I'M FREAKING OUT! I just googled June 1 birthdays and Charlene was born on JUNE 1, 1950! I just NOW found this out! I had already embedded the video and everything before looking it up. I had already written the above parenthetical. My hair is standing on end. I'm dying.

The name is in the mail.

I found someone with a nameless baby. A pregnant friend mentioned on facebook she's looking for a baby name, so I e-mailed her my list of suggestions. (Yes, I realize lamenting on facebook is not the same as actually soliciting me for advice. I sent her the list anyway.) She was polite and responded positively. As for the baby, I was happy for her all along, of course, but now I have skin in the game. I can't wait for her to deliver so I can see if she picked something I recommended. Should I bill her now or after the birth?

Vegan Week

I have mentioned before my desire to adopt a vegan diet. Well, I accidentally started last week and now I'm on Day 8. Turns out, once I tried to break my latte addiction, I substituted with lots of salad. I've had good restaurant experiences so far, the best at a Salvadoran place. My 11-year-old (you know, the nameless girl) baked vegan cookies yesterday. They're called Chocolate Peanut Butter Pillows. Fabulous.

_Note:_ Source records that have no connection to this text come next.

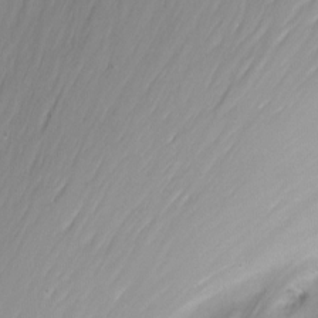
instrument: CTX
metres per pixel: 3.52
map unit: Nhu
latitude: -6.3117
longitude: -48.1767

I don't have lofty goals to make this a lifetime lifestyle, but I'm so enjoying it right now.

Fun Fact: Oreos are vegan.

One room, two sides

The getting rid of shit initiative continues - slowly, but it continues. My house might need some fiber.

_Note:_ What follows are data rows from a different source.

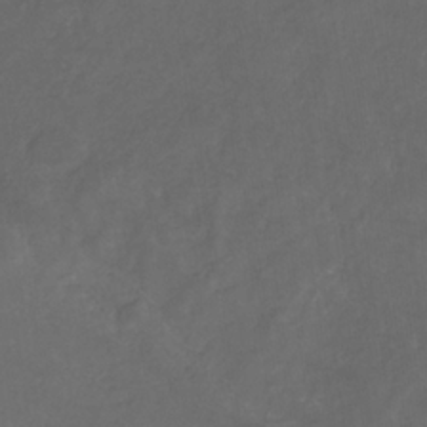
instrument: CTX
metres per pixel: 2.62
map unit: eHb
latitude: -32.6141
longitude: 72.0094
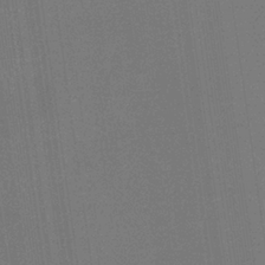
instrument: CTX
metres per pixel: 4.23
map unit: HNb
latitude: -35.4454
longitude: 54.7085
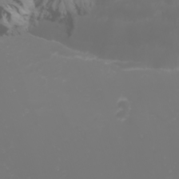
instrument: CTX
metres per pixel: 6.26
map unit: Nhu
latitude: -1.8801
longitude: -76.0255
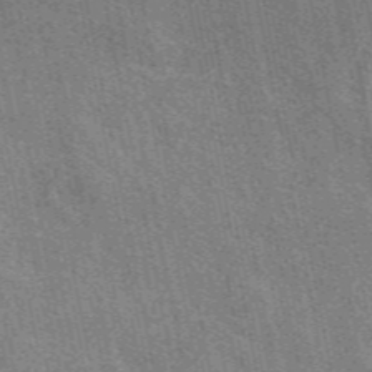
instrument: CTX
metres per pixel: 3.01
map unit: eAb
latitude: 49.3104
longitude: 116.5006

Slight progress has been made. You know I gutted the armoire of its art supplies and I made a trip to Goodwill. We have also painted our living room and dining room white. We're now calling our office The Yoga Room. We don't do yoga, but expect to be motivated to take it up by an uncluttered space called The Yoga Room. Any day now. (I have made zero progress on our master bedroom - it is still "before.") Every room is in a transitional phase.

Here are opposite ends of my living room today.
By the door, a new pile of shit for Goodwill. Yippee, progress.

On the mantle, a new configuration.  The painting deserves a close-up.

A dear 12-year-old friend of ours painted this and gifted us with it. It's our backyard. We only just took down the swing set a few weeks back, which makes the painting even sweeter.